HOW TO COMPLETE THIS TASK :: Reproduce, with no alteration, the span of lines that begins at the line containing "- electrical component <box>88,97,181,182</box>" and ends at the last line of the records, both ends included, and nothing else.

=== Section Start ===

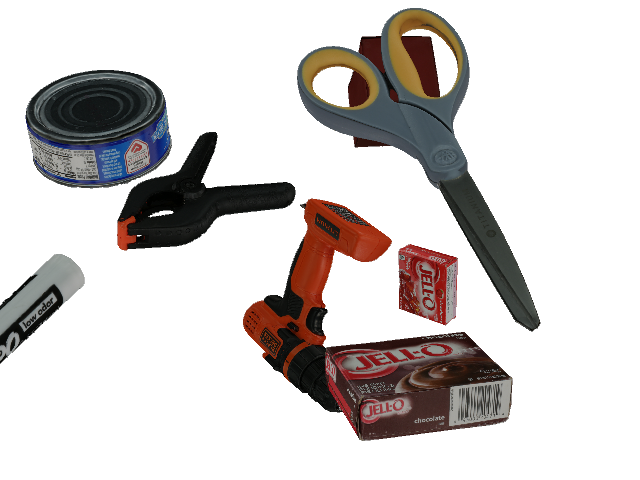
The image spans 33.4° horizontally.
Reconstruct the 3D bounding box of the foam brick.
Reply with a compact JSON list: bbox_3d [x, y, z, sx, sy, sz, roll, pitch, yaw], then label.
[{"bbox_3d":[0.052,-0.108,0.782,0.053,0.051,0.078,-3,-20,-7],"label":"foam brick"}]

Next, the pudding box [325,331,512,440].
[{"bbox_3d":[0.068,0.102,0.763,0.113,0.039,0.090,-3,18,-14],"label":"pudding box"}]

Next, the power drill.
[{"bbox_3d":[0.003,0.064,1.124,0.057,0.188,0.185,12,19,-43],"label":"power drill"}]

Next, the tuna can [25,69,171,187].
[{"bbox_3d":[-0.136,-0.070,0.653,0.086,0.034,0.086,-1,39,0],"label":"tuna can"}]

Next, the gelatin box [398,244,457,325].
[{"bbox_3d":[0.136,0.056,1.363,0.073,0.089,0.030,18,33,35],"label":"gelatin box"}]

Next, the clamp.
[{"bbox_3d":[-0.122,-0.045,0.978,0.171,0.039,0.120,-22,44,-33],"label":"clamp"}]

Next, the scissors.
[{"bbox_3d":[0.039,-0.038,0.501,0.096,0.201,0.016,-6,-39,4],"label":"scissors"}]

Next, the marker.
[{"bbox_3d":[-0.143,0.049,0.441,0.020,0.020,0.121,0,36,39],"label":"marker"}]
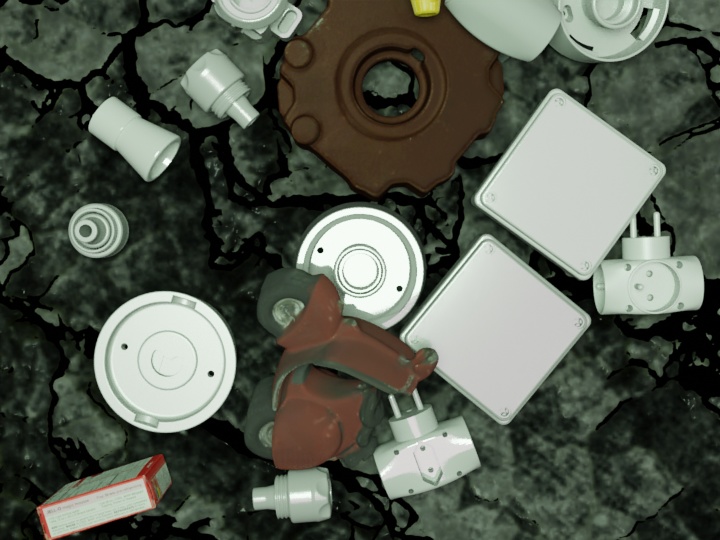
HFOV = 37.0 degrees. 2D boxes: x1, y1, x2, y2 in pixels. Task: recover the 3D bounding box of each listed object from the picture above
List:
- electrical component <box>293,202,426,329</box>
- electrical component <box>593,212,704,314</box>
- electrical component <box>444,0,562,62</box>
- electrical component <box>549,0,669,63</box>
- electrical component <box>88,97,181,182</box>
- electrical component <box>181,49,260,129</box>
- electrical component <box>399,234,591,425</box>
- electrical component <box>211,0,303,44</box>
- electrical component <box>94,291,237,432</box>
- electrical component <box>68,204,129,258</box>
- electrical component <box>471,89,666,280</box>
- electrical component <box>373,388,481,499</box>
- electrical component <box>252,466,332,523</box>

=== Section End ===

OUTPUT OF THE EXERCISE ::
- electrical component <box>88,97,181,182</box>
- electrical component <box>181,49,260,129</box>
- electrical component <box>399,234,591,425</box>
- electrical component <box>211,0,303,44</box>
- electrical component <box>94,291,237,432</box>
- electrical component <box>68,204,129,258</box>
- electrical component <box>471,89,666,280</box>
- electrical component <box>373,388,481,499</box>
- electrical component <box>252,466,332,523</box>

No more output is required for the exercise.